Paragon za obiad na Jarmarku Bożonarodzeniowym w Krakowie

i

Autor: Art Service

Kraków: Drożyzna na Jarmarku Bożonarodzeniowym. Aż ciężko uwierzyć, ile chcą za pajdę ze smalcem!

2021-12-14 7:57

Wielka drożyzna opanowała Jarmark Bożonarodzeniowy w Krakowie. Ceny są naprawdę wysokie. Być może dlatego stoły przygotowane dla spożywających przyrządzane na miejscu potrawy, są raczej puste, a jeśli ktoś już przy nich siedzi, to raczej jest to zagraniczny turysta. Nic dziwnego - przyjrzeliśmy się cenom i paragonom, które pokazali nam klienci. Niektóre naprawdę szokują!

Trzeba mieć naprawdę gruby portfel, by zjeść na tegorocznym Bożonarodzeniowym Jarmarku na Rynku w Krakowie.
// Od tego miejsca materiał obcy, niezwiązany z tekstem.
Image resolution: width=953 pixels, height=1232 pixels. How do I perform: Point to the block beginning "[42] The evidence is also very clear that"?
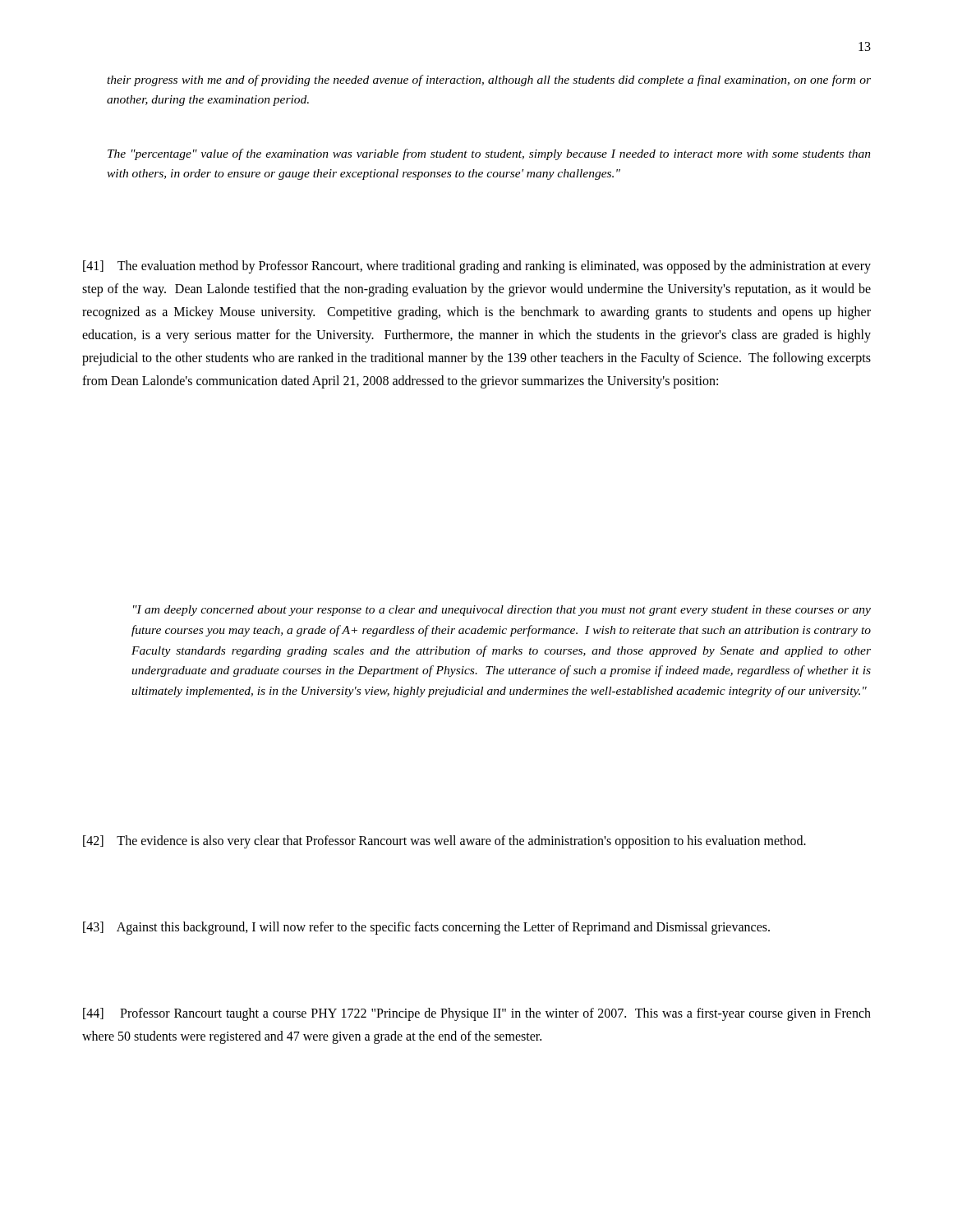(x=444, y=841)

Ceny poszybowały do nieba: za mały kubek grzańca 200 ml trzeba zapłacić 10 złotych, a pajda ze smalcem lub zwykłym masłem kosztuje aż 15 złotych! Potwornie drogie są dodatki do niej. Kiszony ogórek lub cebula kosztują 7 złotych, a kilka plasterków kiełbasy lub mięso na kanapkę aż 9 zł.

To nie są normalne ceny, kogo na to stać? Ja mam pieniądze, ale tu raczej siedzą sami obcokrajowcy – mówi pani Maria, dodając, że ona przyjechała z zagranicy. Za obiad zapłaciła aż 70 złotych i to bez napojów. – Golonka 36 złotych, bigos 20 złotych, ziemniaki 12 złotych, a chrzan 2 złote. Proszę spojrzeć, ta porcja jest przecież mała, a cena jak za jedzenie w drogiej restauracji – mówi nam turystka.

Kwaśnica lub zupa gulaszowa kosztują 25 złotych za porcję, zaś żurek i grzybowa 20 złotych. Za pomidorową, czosnkową lub jarzynową trzeba zapłacić 15 złotych. – To pewnie efekt inflacji, ale także tego, że sprzedawcy chcą zarobić. Nas nie stać, idziemy dalej – skomentował pan Paweł.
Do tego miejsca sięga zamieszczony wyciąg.